• **Task objective**: Your task is to find every line of the listing that includes "pitch" and copy it.

• **Supplied entries**:
—————
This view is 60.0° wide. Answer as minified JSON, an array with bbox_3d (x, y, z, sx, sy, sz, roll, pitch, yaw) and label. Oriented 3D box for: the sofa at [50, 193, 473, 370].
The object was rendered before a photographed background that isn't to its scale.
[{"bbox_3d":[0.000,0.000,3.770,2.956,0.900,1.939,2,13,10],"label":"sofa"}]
—————
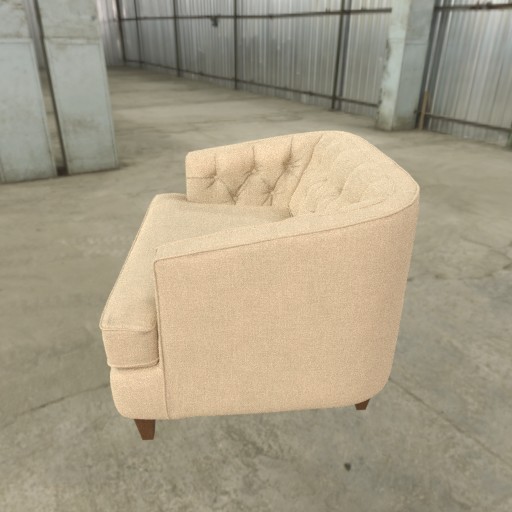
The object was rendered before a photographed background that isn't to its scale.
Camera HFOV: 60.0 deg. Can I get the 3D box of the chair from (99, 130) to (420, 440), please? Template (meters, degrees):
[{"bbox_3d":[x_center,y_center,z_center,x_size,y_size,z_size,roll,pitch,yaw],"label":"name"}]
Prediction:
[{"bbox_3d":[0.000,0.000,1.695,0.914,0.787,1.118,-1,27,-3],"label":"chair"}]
—————
• **Solution for this task**:
This view is 60.0° wide. Answer as minified JSON, an array with bbox_3d (x, y, z, sx, sy, sz, roll, pitch, yaw) and label. Oriented 3D box for: the sofa at [50, 193, 473, 370].
[{"bbox_3d":[x_center,y_center,z_center,x_size,y_size,z_size,roll,pitch,yaw],"label":"name"}]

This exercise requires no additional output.